** ASSIGNMENT **
Copy each line of the listing that includes "first".

** SOURCE MATERIAL **
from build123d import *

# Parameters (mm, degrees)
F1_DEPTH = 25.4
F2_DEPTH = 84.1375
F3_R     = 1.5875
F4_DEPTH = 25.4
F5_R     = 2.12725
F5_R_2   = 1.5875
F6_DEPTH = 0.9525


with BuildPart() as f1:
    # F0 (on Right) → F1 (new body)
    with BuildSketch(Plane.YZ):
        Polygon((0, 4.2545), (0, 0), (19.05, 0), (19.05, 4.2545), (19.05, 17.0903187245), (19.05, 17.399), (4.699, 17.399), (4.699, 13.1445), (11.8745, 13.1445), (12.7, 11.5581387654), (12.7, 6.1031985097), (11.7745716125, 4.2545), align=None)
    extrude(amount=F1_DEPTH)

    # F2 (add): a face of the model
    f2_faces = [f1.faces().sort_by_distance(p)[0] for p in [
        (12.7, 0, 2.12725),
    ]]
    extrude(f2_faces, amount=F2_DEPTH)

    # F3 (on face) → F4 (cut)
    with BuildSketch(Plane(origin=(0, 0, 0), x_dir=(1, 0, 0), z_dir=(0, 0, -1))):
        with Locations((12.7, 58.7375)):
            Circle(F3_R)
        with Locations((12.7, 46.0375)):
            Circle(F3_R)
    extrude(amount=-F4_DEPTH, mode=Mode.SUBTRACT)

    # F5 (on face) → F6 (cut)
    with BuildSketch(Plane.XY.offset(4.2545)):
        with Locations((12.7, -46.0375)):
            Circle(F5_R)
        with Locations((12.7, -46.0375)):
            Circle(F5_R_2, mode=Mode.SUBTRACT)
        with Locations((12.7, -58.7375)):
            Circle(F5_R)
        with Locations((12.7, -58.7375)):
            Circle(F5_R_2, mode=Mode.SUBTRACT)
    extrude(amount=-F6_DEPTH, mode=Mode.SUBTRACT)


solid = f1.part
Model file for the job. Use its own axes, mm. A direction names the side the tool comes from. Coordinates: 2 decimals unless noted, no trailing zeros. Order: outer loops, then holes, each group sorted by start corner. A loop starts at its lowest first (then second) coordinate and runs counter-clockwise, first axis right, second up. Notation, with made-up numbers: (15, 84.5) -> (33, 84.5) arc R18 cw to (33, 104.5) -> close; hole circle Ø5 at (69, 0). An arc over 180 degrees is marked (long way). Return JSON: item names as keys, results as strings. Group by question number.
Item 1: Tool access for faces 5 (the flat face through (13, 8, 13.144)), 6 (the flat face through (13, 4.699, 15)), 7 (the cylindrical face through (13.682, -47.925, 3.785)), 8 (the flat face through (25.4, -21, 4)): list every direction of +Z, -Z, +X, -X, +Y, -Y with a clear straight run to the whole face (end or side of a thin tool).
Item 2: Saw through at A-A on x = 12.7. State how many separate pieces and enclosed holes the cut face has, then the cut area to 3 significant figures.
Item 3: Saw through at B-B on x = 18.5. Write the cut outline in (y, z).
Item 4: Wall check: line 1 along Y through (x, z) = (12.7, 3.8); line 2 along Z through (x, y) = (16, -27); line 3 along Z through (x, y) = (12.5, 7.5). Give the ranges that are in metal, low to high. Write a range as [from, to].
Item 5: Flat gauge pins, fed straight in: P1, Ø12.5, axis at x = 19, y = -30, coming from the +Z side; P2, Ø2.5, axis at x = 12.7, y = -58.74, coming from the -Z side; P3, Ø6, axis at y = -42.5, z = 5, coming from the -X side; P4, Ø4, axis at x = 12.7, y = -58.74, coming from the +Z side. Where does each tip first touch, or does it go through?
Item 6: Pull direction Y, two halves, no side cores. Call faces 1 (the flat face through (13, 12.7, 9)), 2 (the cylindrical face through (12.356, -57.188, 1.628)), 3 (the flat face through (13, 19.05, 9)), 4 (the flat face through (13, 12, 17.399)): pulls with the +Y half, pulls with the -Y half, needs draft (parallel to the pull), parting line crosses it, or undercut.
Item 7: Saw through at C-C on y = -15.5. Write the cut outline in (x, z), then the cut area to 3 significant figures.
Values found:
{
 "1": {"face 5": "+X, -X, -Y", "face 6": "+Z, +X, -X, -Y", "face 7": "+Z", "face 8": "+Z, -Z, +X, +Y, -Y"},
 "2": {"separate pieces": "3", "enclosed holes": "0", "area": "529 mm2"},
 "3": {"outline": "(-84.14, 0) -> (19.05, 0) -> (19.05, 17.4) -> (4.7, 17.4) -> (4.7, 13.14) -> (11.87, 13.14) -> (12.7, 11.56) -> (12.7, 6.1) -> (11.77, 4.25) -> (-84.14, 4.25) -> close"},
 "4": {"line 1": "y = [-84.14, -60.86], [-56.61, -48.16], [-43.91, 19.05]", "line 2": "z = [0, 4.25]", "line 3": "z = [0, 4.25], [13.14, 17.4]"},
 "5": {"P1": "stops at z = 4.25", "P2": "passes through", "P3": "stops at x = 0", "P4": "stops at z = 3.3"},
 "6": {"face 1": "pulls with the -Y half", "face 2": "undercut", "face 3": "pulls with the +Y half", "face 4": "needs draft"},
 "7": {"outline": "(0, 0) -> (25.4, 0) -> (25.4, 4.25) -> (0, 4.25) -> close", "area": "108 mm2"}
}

** EXERCISE RESULT **
Model file for the job. Use its own axes, mm. A direction names the side the tool comes from. Coordinates: 2 decimals unless noted, no trailing zeros. Order: outer loops, then holes, each group sorted by start corner. A loop starts at its lowest first (then second) coordinate and runs counter-clockwise, first axis right, second up. Notation, with made-up numbers: (15, 84.5) -> (33, 84.5) arc R18 cw to (33, 104.5) -> close; hole circle Ø5 at (69, 0). An arc over 180 degrees is marked (long way). Return JSON: item names as keys, results as strings. Group by question number.
Item 5: Flat gauge pins, fed straight in: P1, Ø12.5, axis at x = 19, y = -30, coming from the +Z side; P2, Ø2.5, axis at x = 12.7, y = -58.74, coming from the -Z side; P3, Ø6, axis at y = -42.5, z = 5, coming from the -X side; P4, Ø4, axis at x = 12.7, y = -58.74, coming from the +Z side. Where does each tip first touch, or does it go through?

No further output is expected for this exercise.